THE TASK: Print the line containing "Your answer should be very" and every line after it exactly as written, through the end of the records.

------ SUPPLIED INFORMATION

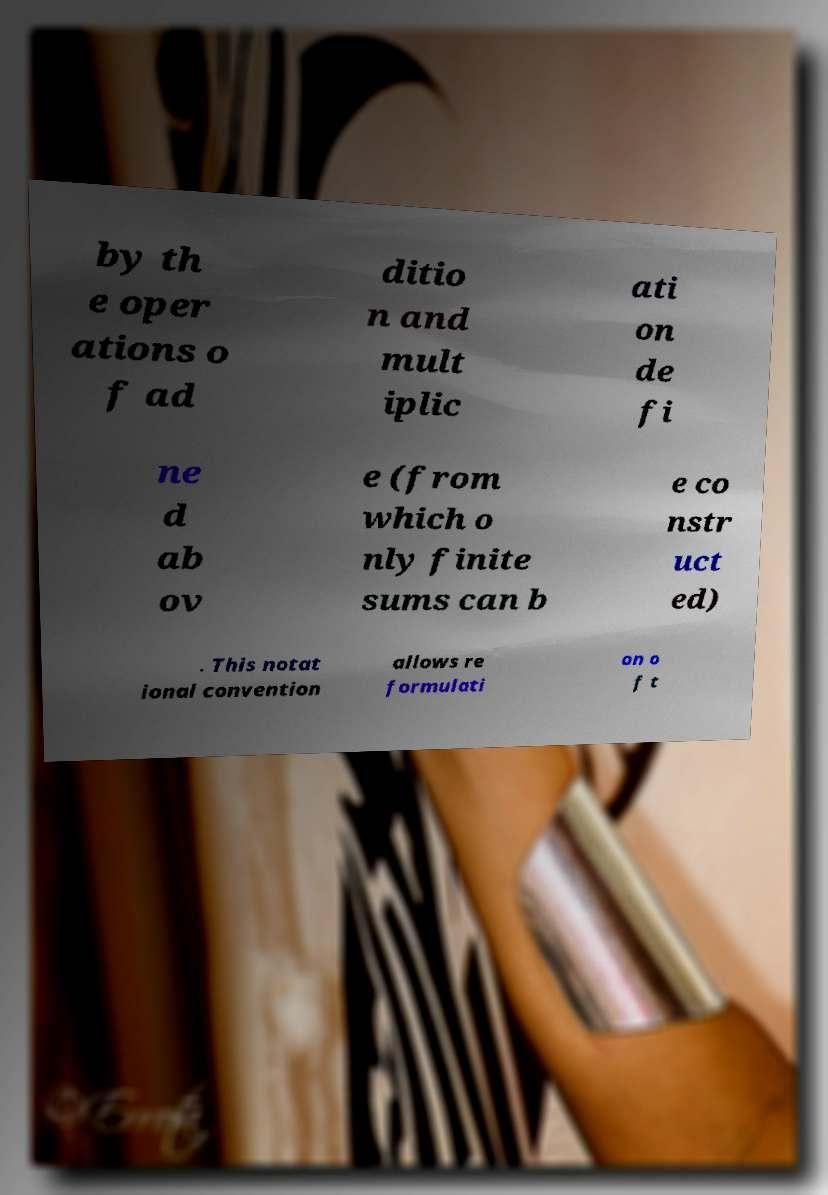For documentation purposes, I need the text within this image transcribed. Could you provide that? by th e oper ations o f ad ditio n and mult iplic ati on de fi ne d ab ov e (from which o nly finite sums can b e co nstr uct ed) . This notat ional convention allows re formulati on o f t 
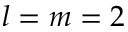<formula> <loc_0><loc_0><loc_500><loc_500>l = m = 2</formula> 
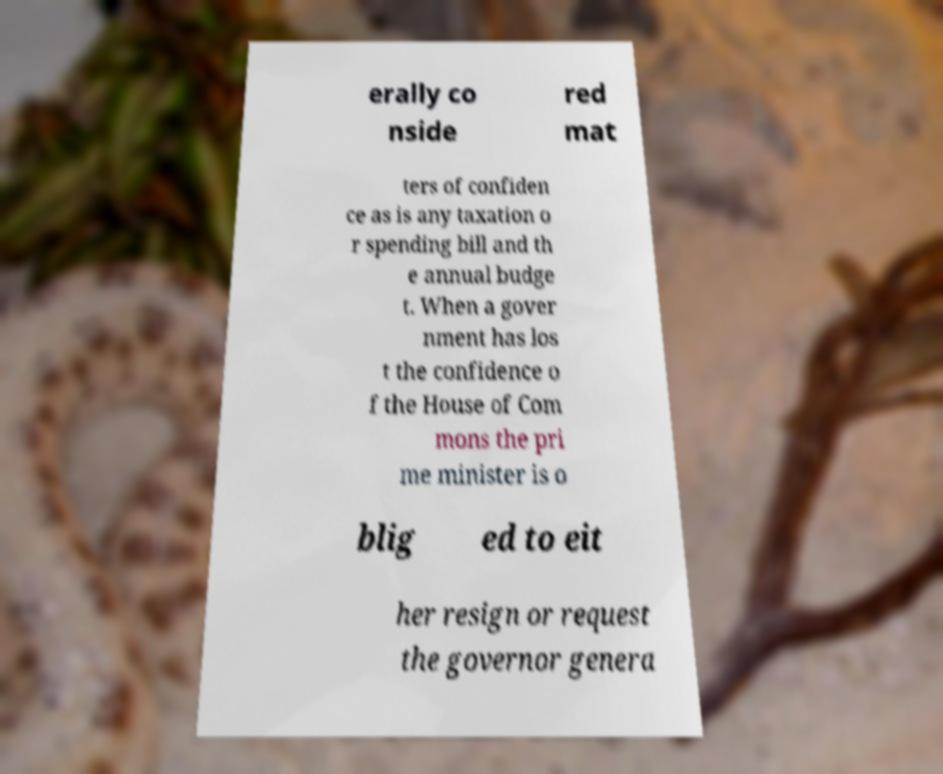Please read and relay the text visible in this image. What does it say? erally co nside red mat ters of confiden ce as is any taxation o r spending bill and th e annual budge t. When a gover nment has los t the confidence o f the House of Com mons the pri me minister is o blig ed to eit her resign or request the governor genera 
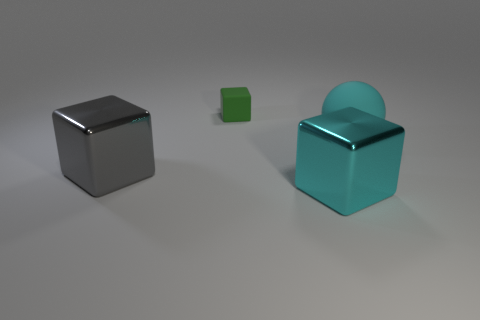What size is the metal object that is the same color as the large matte sphere?
Offer a very short reply. Large. There is a shiny object to the right of the gray cube; is its color the same as the big rubber ball?
Your answer should be compact. Yes. Are there more large gray cubes than small purple matte cylinders?
Offer a very short reply. Yes. There is a rubber object that is to the left of the cyan cube; is its shape the same as the gray shiny thing?
Make the answer very short. Yes. Are there fewer small brown matte spheres than metallic things?
Your answer should be compact. Yes. There is a gray block that is the same size as the cyan sphere; what is its material?
Offer a terse response. Metal. Does the large sphere have the same color as the large metallic cube that is to the right of the tiny block?
Provide a succinct answer. Yes. Are there fewer cubes that are in front of the large gray thing than cyan objects?
Offer a terse response. Yes. How many large yellow spheres are there?
Ensure brevity in your answer.  0. What shape is the small thing behind the large metallic object behind the large cyan metallic cube?
Your answer should be compact. Cube. 
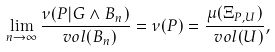<formula> <loc_0><loc_0><loc_500><loc_500>\lim _ { n \to \infty } \frac { \nu ( P | G \wedge B _ { n } ) } { \ v o l ( B _ { n } ) } = \nu ( P ) = \frac { \mu ( \Xi _ { P , U } ) } { \ v o l ( U ) } ,</formula> 
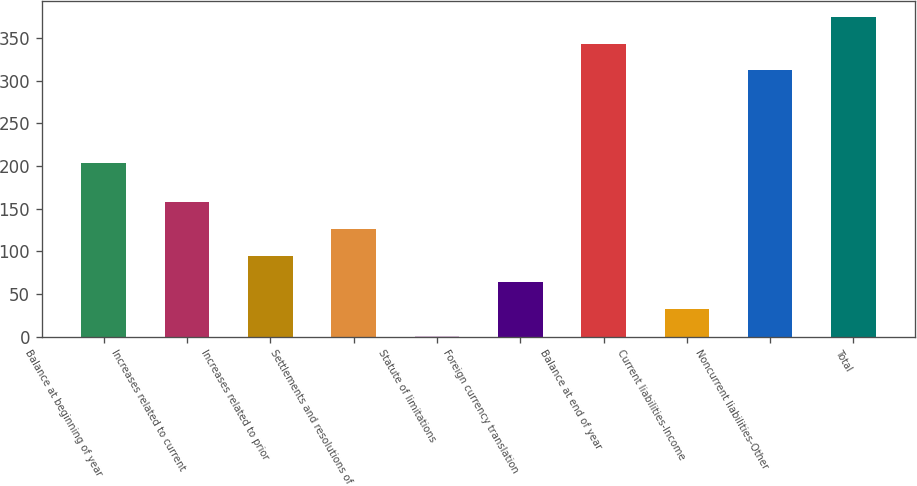<chart> <loc_0><loc_0><loc_500><loc_500><bar_chart><fcel>Balance at beginning of year<fcel>Increases related to current<fcel>Increases related to prior<fcel>Settlements and resolutions of<fcel>Statute of limitations<fcel>Foreign currency translation<fcel>Balance at end of year<fcel>Current liabilities-Income<fcel>Noncurrent liabilities-Other<fcel>Total<nl><fcel>204<fcel>158<fcel>95.2<fcel>126.6<fcel>1<fcel>63.8<fcel>343.4<fcel>32.4<fcel>312<fcel>374.8<nl></chart> 
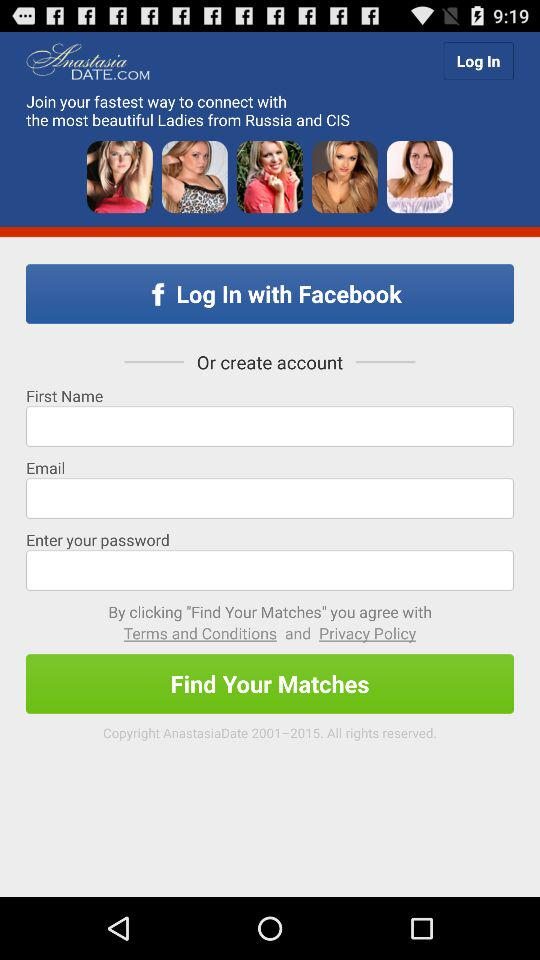Which account will continue?
When the provided information is insufficient, respond with <no answer>. <no answer> 
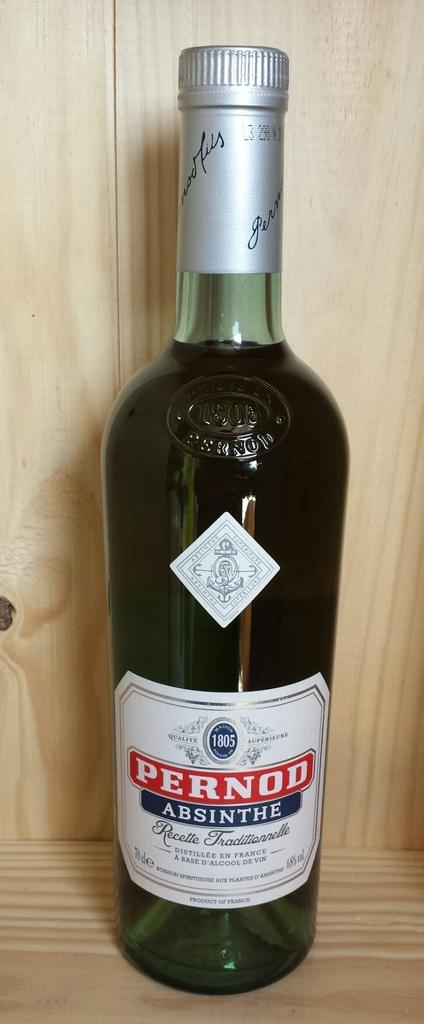<image>
Present a compact description of the photo's key features. A bottle of PERNOD wine sitting on a wooden table 
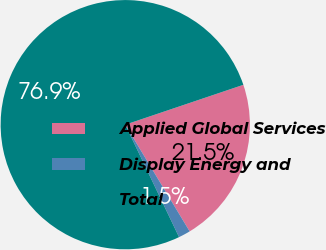Convert chart. <chart><loc_0><loc_0><loc_500><loc_500><pie_chart><fcel>Applied Global Services<fcel>Display Energy and<fcel>Total<nl><fcel>21.54%<fcel>1.54%<fcel>76.92%<nl></chart> 
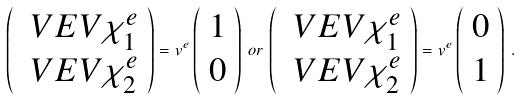<formula> <loc_0><loc_0><loc_500><loc_500>\left ( \begin{array} { c } \ V E V { \chi _ { 1 } ^ { e } } \\ \ V E V { \chi _ { 2 } ^ { e } } \end{array} \right ) = v ^ { e } \left ( \begin{array} { c } 1 \\ 0 \end{array} \right ) \, o r \, \left ( \begin{array} { c } \ V E V { \chi _ { 1 } ^ { e } } \\ \ V E V { \chi _ { 2 } ^ { e } } \end{array} \right ) = v ^ { e } \left ( \begin{array} { c } 0 \\ 1 \end{array} \right ) \, .</formula> 
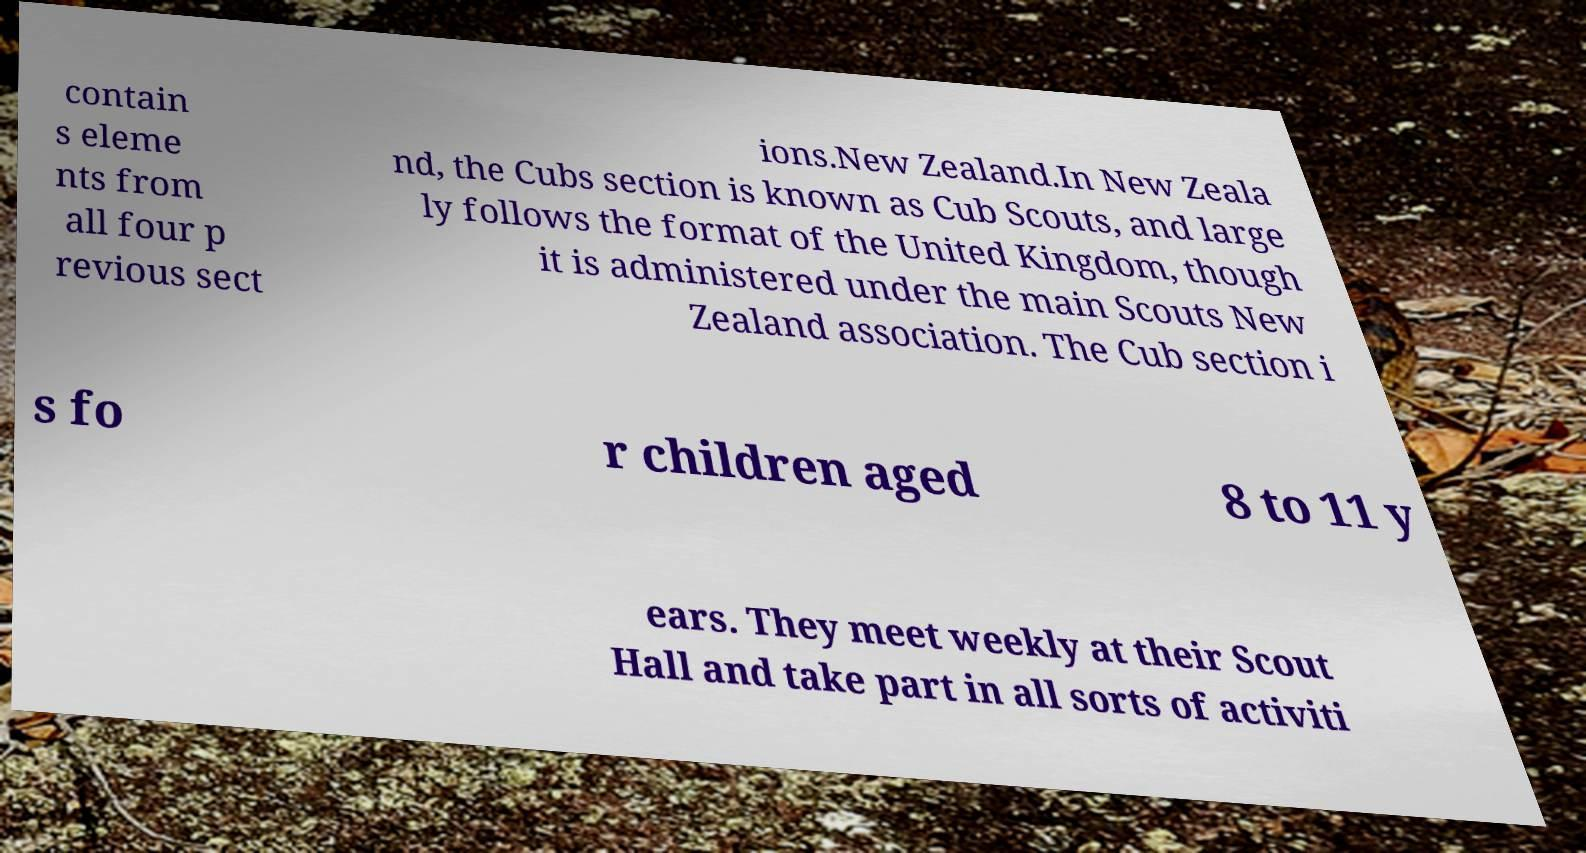Can you read and provide the text displayed in the image?This photo seems to have some interesting text. Can you extract and type it out for me? contain s eleme nts from all four p revious sect ions.New Zealand.In New Zeala nd, the Cubs section is known as Cub Scouts, and large ly follows the format of the United Kingdom, though it is administered under the main Scouts New Zealand association. The Cub section i s fo r children aged 8 to 11 y ears. They meet weekly at their Scout Hall and take part in all sorts of activiti 
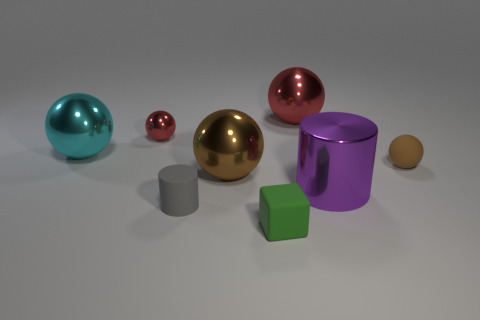What number of big objects are either brown metal objects or metal cylinders?
Provide a succinct answer. 2. Is there a large brown metal thing that is behind the red sphere on the left side of the rubber block?
Your answer should be very brief. No. Are there any tiny gray cylinders?
Keep it short and to the point. Yes. There is a cylinder that is right of the large sphere that is in front of the cyan metallic thing; what is its color?
Keep it short and to the point. Purple. What is the material of the other big object that is the same shape as the gray object?
Make the answer very short. Metal. What number of spheres are the same size as the green matte thing?
Your answer should be compact. 2. What is the size of the cube that is the same material as the small brown ball?
Ensure brevity in your answer.  Small. What number of gray things are the same shape as the tiny green object?
Give a very brief answer. 0. How many big green metal things are there?
Provide a short and direct response. 0. There is a tiny gray object in front of the purple cylinder; is it the same shape as the big red object?
Provide a short and direct response. No.

------------

EXERCISE SOLUTION:
Your answer should be very brief. No. Are there any tiny gray cylinders?
Keep it short and to the point. Yes. There is a cylinder that is right of the large sphere that is in front of the cyan metallic thing; what is its color?
Keep it short and to the point. Purple. What is the material of the other big object that is the same shape as the gray object?
Make the answer very short. Metal. What number of spheres are the same size as the green matte thing?
Your answer should be compact. 2. What is the size of the cube that is the same material as the small brown ball?
Ensure brevity in your answer.  Small. What number of gray things are the same shape as the tiny green object?
Give a very brief answer. 0. How many big green metal things are there?
Provide a short and direct response. 0. There is a tiny gray object in front of the purple cylinder; is it the same shape as the big red object?
Provide a short and direct response. No.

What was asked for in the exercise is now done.